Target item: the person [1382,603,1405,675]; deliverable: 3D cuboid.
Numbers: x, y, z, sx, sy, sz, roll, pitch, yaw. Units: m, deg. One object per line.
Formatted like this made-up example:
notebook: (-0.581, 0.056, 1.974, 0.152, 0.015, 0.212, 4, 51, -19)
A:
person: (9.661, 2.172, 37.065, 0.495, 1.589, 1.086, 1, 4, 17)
═══
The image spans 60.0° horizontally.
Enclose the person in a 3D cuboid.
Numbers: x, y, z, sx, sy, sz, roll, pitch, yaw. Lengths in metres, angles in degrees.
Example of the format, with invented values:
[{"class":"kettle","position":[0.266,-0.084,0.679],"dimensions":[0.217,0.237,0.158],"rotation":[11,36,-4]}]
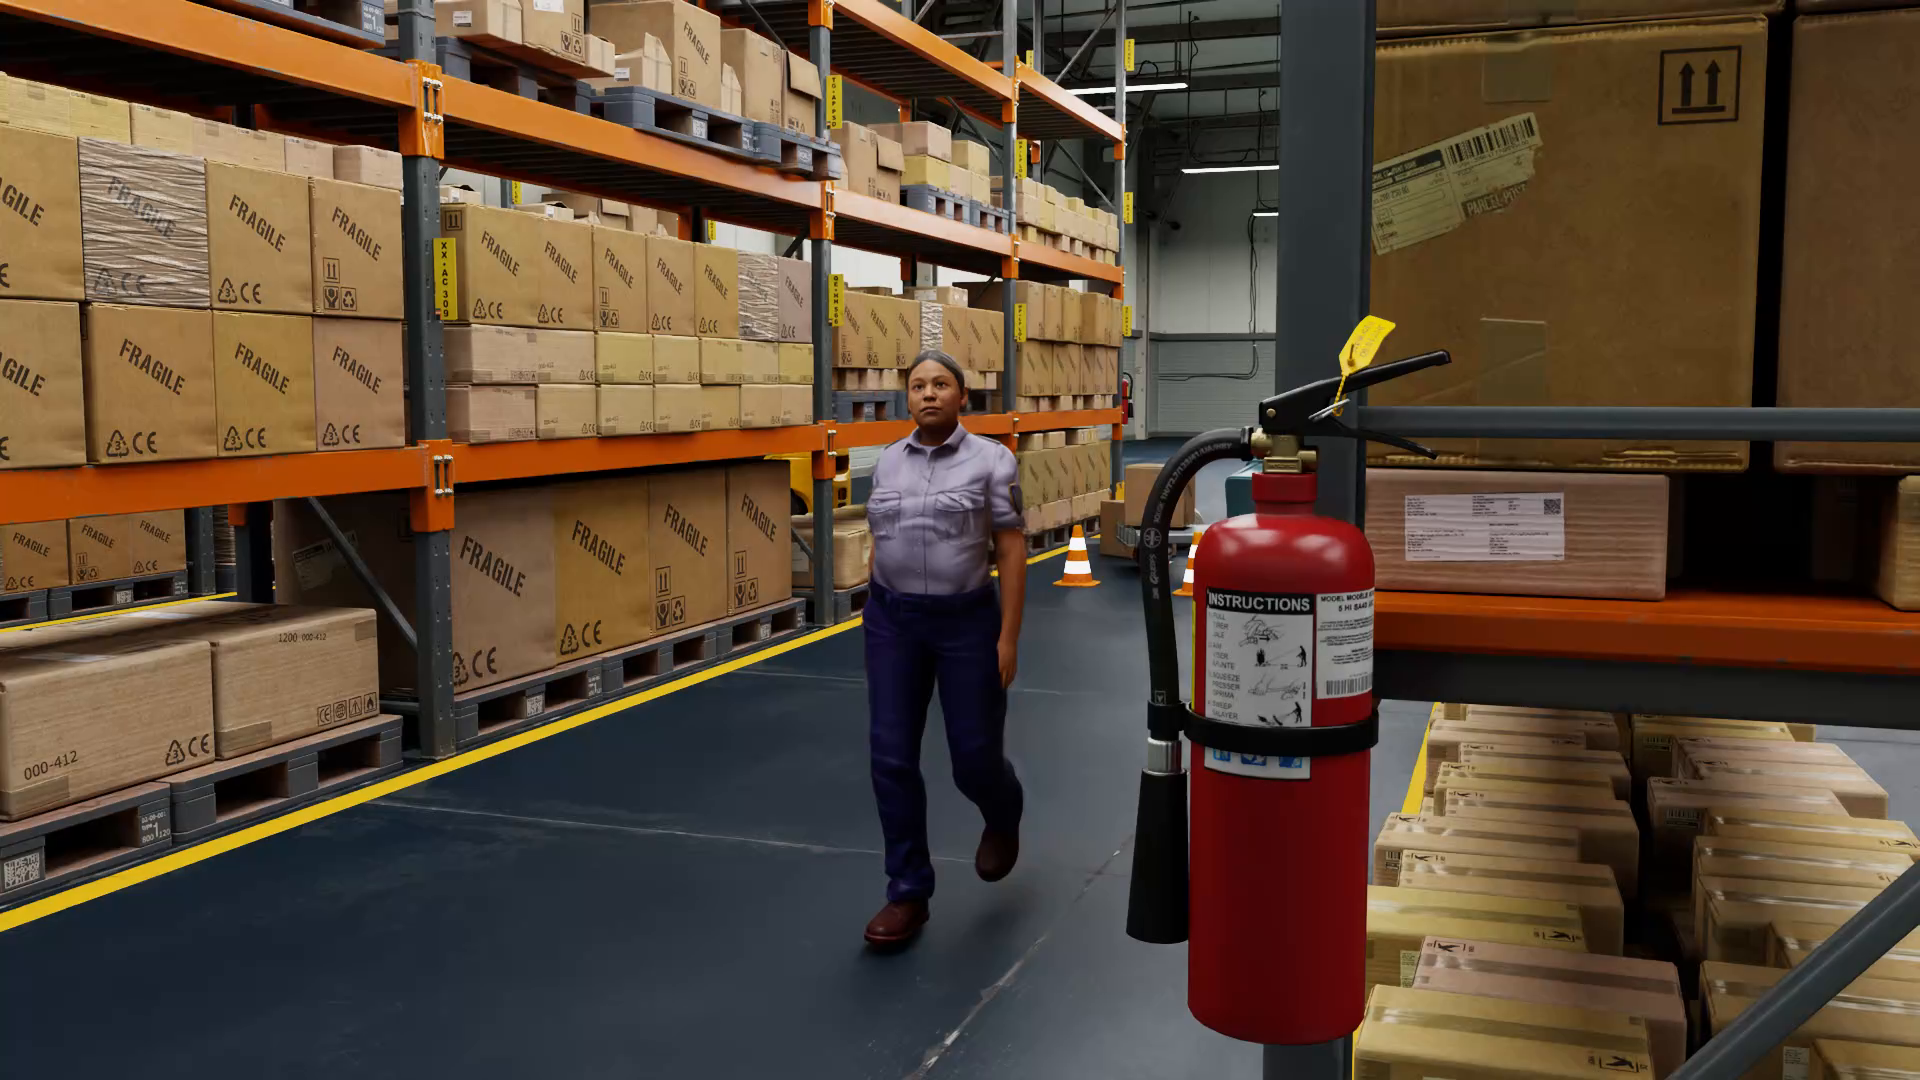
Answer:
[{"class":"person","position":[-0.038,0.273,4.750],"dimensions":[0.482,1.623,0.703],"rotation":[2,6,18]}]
═══
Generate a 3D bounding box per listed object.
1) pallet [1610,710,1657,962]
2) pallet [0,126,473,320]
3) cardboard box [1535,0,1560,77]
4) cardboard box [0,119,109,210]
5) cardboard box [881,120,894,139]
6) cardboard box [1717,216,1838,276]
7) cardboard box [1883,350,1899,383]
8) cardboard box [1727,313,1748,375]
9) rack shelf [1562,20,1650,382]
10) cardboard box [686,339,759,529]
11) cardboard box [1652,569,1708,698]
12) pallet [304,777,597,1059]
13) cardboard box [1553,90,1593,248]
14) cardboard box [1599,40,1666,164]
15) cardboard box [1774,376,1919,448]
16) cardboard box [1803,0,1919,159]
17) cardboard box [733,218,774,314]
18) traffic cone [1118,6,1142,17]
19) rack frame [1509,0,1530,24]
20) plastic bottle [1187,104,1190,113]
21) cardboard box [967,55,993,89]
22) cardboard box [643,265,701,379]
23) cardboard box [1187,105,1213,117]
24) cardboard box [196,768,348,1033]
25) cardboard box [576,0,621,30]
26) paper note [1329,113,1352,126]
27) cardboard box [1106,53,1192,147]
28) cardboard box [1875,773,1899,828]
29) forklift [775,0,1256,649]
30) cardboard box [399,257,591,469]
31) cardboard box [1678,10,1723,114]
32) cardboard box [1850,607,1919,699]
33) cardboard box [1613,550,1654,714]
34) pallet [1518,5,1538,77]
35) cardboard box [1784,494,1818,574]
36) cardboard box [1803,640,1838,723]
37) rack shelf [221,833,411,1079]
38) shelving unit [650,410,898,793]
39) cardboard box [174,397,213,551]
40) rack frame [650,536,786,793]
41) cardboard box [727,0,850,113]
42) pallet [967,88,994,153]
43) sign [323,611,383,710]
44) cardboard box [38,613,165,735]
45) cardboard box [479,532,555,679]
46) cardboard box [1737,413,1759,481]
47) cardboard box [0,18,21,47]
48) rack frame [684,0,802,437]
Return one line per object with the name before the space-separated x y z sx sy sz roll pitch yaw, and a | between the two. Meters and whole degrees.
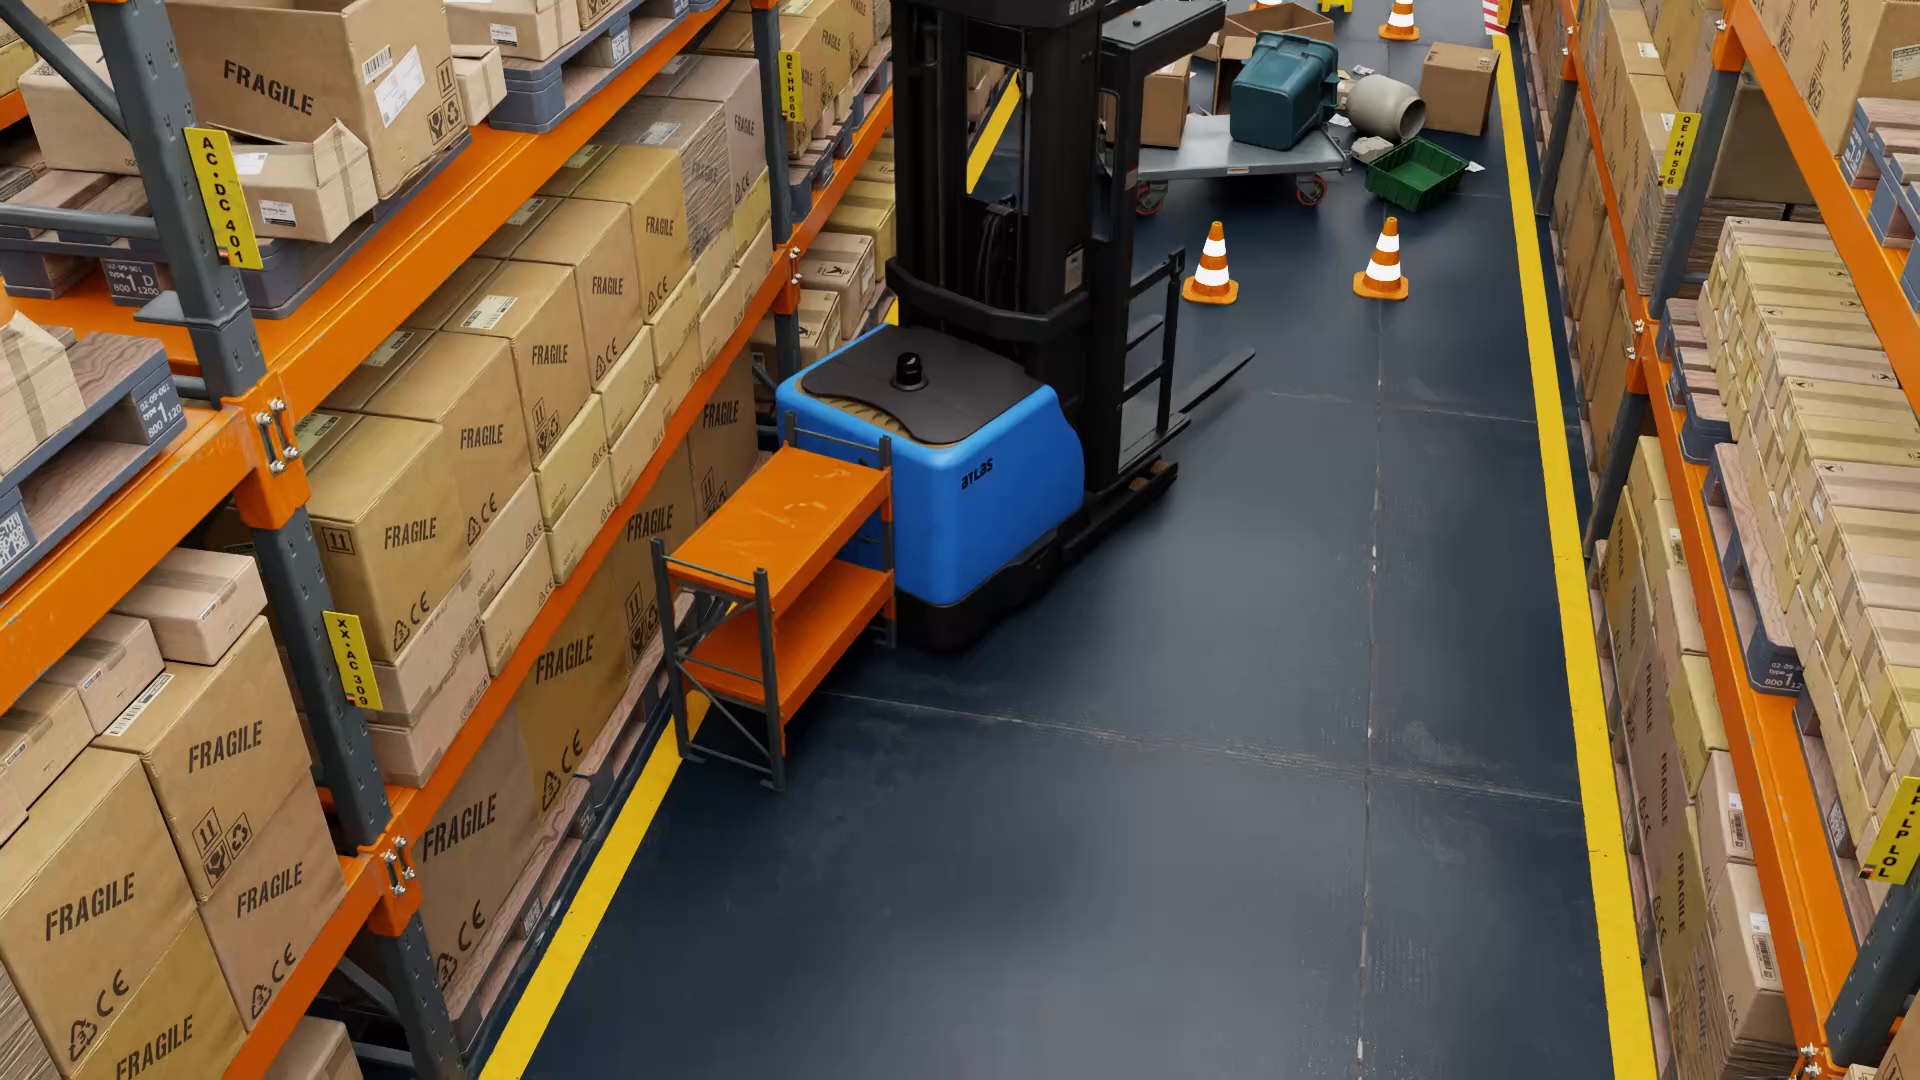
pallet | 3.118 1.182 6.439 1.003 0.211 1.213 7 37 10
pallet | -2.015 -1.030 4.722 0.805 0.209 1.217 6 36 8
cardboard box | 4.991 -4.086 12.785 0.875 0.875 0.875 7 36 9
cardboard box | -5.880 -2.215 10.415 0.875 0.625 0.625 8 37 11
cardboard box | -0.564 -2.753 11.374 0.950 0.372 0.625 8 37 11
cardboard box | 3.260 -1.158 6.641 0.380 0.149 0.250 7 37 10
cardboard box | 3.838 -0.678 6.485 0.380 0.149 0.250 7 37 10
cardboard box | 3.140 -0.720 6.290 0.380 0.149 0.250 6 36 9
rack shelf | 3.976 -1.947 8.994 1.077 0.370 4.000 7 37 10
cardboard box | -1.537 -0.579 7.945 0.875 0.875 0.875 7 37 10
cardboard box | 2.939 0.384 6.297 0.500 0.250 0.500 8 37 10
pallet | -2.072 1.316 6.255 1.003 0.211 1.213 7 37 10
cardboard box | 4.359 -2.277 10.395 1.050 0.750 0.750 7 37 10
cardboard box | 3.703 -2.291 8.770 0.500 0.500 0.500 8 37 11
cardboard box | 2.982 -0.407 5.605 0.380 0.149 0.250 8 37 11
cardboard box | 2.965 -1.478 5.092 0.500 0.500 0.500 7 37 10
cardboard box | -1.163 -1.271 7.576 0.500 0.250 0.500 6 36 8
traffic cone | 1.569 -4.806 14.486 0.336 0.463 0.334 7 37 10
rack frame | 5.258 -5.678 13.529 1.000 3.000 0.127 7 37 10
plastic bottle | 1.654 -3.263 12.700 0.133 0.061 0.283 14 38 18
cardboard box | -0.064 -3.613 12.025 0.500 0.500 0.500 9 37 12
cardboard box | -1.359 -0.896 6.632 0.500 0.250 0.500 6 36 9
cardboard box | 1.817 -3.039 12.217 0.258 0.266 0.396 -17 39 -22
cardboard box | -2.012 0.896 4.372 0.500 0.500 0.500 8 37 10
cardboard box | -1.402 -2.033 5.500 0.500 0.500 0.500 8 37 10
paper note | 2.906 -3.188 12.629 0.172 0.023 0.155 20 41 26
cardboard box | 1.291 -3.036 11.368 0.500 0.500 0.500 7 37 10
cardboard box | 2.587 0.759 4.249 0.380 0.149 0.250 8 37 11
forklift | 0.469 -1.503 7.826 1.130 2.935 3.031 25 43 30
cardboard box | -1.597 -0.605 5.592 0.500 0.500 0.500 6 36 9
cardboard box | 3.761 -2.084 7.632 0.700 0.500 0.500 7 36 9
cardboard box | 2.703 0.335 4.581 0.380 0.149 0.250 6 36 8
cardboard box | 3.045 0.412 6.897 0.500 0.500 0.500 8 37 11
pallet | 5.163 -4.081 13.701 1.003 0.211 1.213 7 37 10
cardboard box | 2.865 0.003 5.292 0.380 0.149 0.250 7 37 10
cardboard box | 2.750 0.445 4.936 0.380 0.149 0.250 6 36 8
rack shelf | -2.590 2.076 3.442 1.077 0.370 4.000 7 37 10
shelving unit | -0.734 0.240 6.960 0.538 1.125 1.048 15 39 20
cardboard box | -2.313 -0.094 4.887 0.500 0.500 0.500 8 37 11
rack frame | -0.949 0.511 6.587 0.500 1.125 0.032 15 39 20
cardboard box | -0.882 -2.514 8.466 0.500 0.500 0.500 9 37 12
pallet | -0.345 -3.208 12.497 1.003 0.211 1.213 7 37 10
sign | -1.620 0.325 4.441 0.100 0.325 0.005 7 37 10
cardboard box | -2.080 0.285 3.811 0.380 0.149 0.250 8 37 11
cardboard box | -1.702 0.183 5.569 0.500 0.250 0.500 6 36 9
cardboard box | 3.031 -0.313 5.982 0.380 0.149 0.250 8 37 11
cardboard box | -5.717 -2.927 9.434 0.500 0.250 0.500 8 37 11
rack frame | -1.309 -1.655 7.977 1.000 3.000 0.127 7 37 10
═══
• _TRY IT_: Only the lines above starting at the one containing "29) forklift [775,0,1256,649]" and ending at the one containing "41) cardboard box [727,0,850,113]", both included, are to be returned, exactly as they read.

• _FINISHED EXERCISE_:
29) forklift [775,0,1256,649]
30) cardboard box [399,257,591,469]
31) cardboard box [1678,10,1723,114]
32) cardboard box [1850,607,1919,699]
33) cardboard box [1613,550,1654,714]
34) pallet [1518,5,1538,77]
35) cardboard box [1784,494,1818,574]
36) cardboard box [1803,640,1838,723]
37) rack shelf [221,833,411,1079]
38) shelving unit [650,410,898,793]
39) cardboard box [174,397,213,551]
40) rack frame [650,536,786,793]
41) cardboard box [727,0,850,113]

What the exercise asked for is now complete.